Let us try it on the Plasma function:

Z[\[Xi]_] =
1/Sqrt[Pi] Integrate[
D[Exp[-z^2], z]/(z - \[Xi]) // Evaluate, {z, -Infinity, Infinity},
Assumptions -> Im[\[Xi]] > 0];
fz[z_] = 1/(Z[z + I] + 1)


It looks like this:

pl0 = ComplexPlot[fz[z], {z, -6 - 7 I, 6 + 2 I},
PlotRange -> 5 {-1, 1}, PlotPoints -> 5,
ColorFunction -> "CyclicLogAbsArg", ImageSize -> Medium,
WorkingPrecision -> 20];


the purpose of the analytic continuation is here to identify all the extrema in the lower complex plane while having only a knowledge of the behaviour of the function on a very finite set of points in the upper complex plane.
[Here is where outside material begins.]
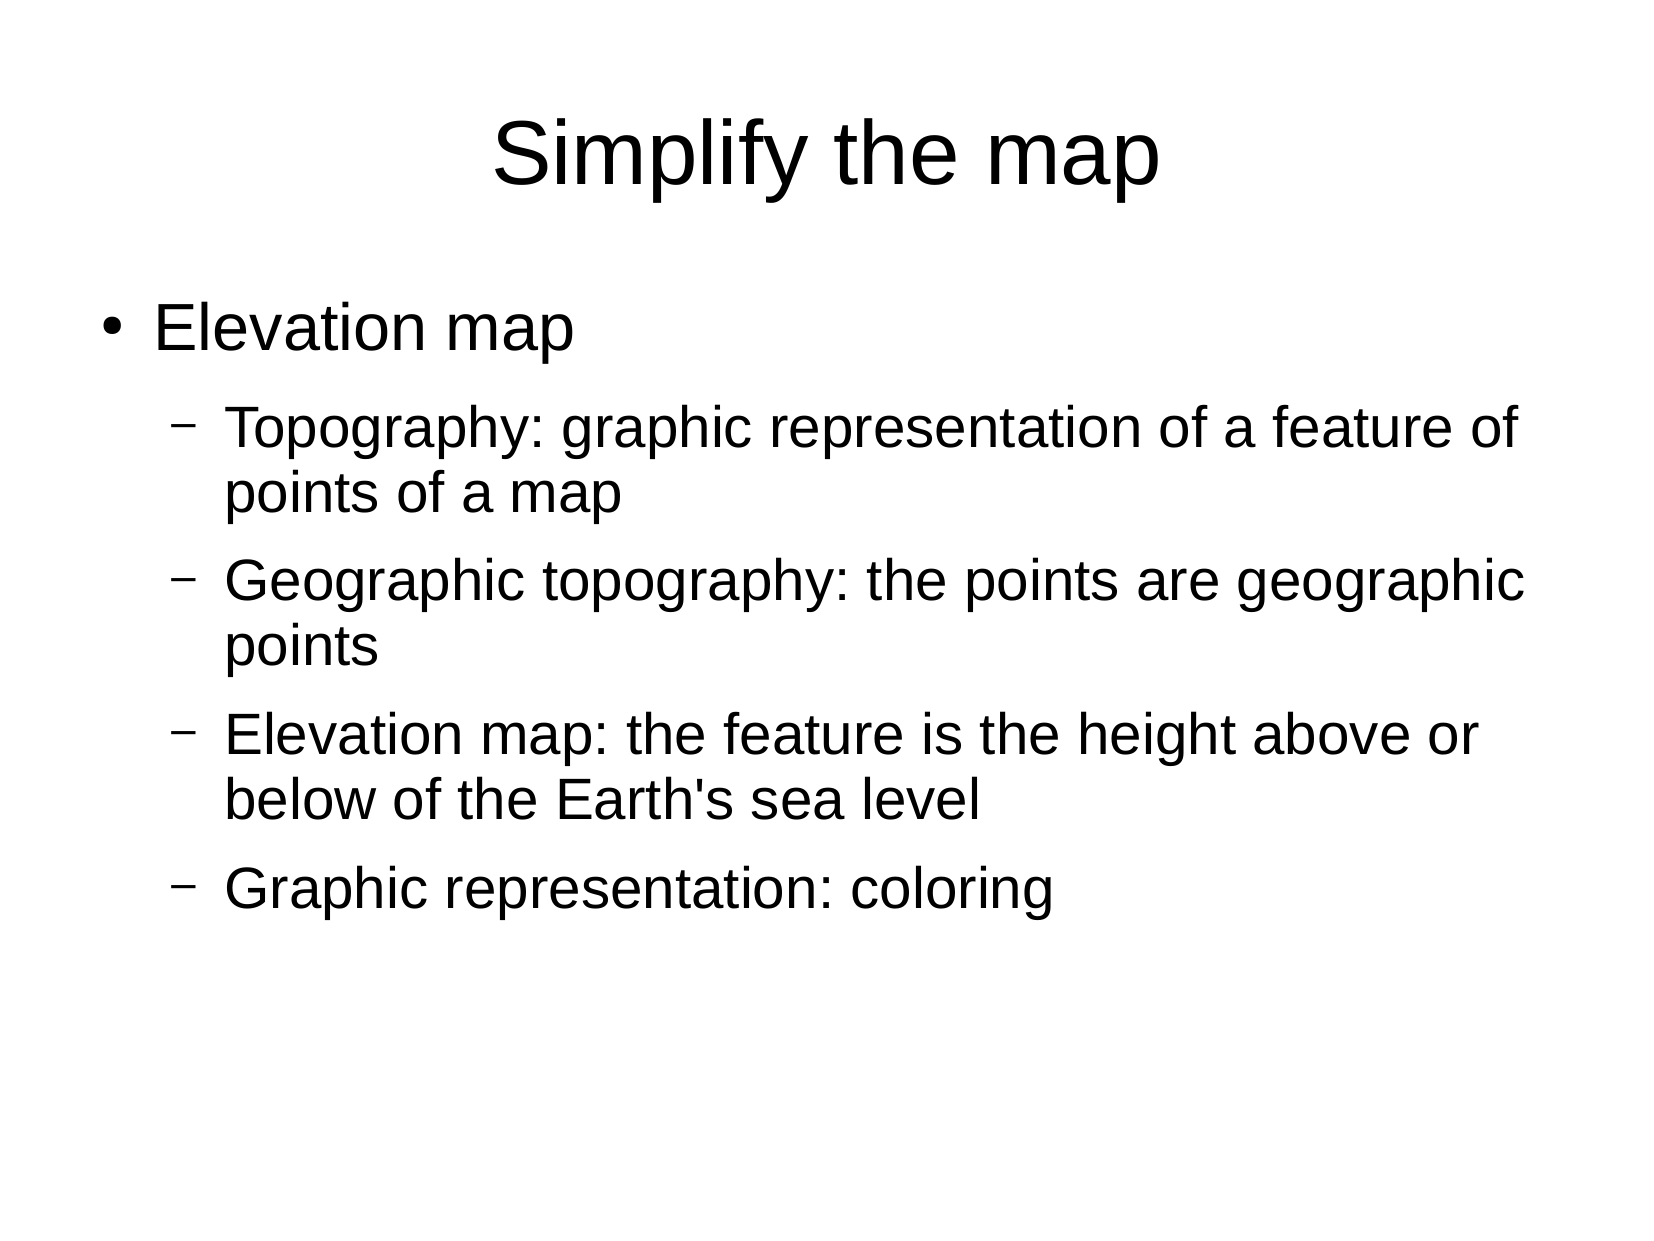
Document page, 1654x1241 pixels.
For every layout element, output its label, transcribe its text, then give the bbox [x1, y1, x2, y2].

list Elevation map Topography: graphic representation of a feature of points of a map Geographic topography: the points are geographic points Elevation map: the feature is the height above or below of the Earth's sea level Graphic representation: coloring [82, 290, 1571, 1010]
title Simplify the map [82, 49, 1571, 257]

Let us define a region in the upper complex plane over which the function is sampled.

rg = {{-12, 12}, {0, 1}};
region =
DiscretizeRegion[(Rectangle @@ Transpose[rg]),
MaxCellMeasure -> 0.15];


and sample (note the high precision requested in the sampling):

\[Omega]s =
N[Rationalize[#, 10^-20] & /@
MapApply[Complex, (MeshCoordinates@region)], 2500]; n =
Length@\[Omega]s


Now let us define the actual continuation algorithm:

Clear[\[Rho]];
\[Rho][i_, k_] := \[Rho][i, k] =
If[k == 0, fz[\[Omega]s[[i]]],
If[k == 1, (\[Omega]s[[i]] - \[Omega]s[[
i + 1]])/(fz[\[Omega]s[[i]]] - fz[\[Omega]s[[i + 1]]]),
(\[Omega]s[[i]] - \[Omega]s[[i + k]])/(\[Rho][i, k - 1] - \[Rho][
i + 1, k - 1]) + \[Rho][i + 1, k - 2]
]]
as = Join[{\[Rho][1, 0], \[Rho][1, 1]},
Table[\[Rho][1, k] - \[Rho][1, k - 2], {k, 2, n - 1}]];
Clear[g];
g[i_, \[Omega]_] :=
If[i == n, as[[n]],
as[[i]] + (\[Omega] - \[Omega]s[[i]])/g[i + 1, \[Omega]]]
g[\[Omega]_] := g[1, \[Omega]]


Let us finally compare this analytic continuation to the (known) complex function in the lower half plane:

pl1 = ComplexPlot[g[z], {z, -6 - 7 I, 6 + 2 I}, PlotPoints -> 5,
PlotRange -> 3 {-1, 1}, AspectRatio -> Automatic,
ColorFunction -> "CyclicLogAbsArg", ImageSize -> Medium];
pl1 = Show[pl1, Graphics@(Point[ReIm[#]] & /@ \[Omega]s),
Graphics@InfiniteLine[{-1, 0}, {1, 0}]
];
{pl0, Show[pl1, PlotRange -> {{-6, 6}, Automatic}]}


Given that it only knows about the few black dots at the top, it's doing a rather good extrapolation job!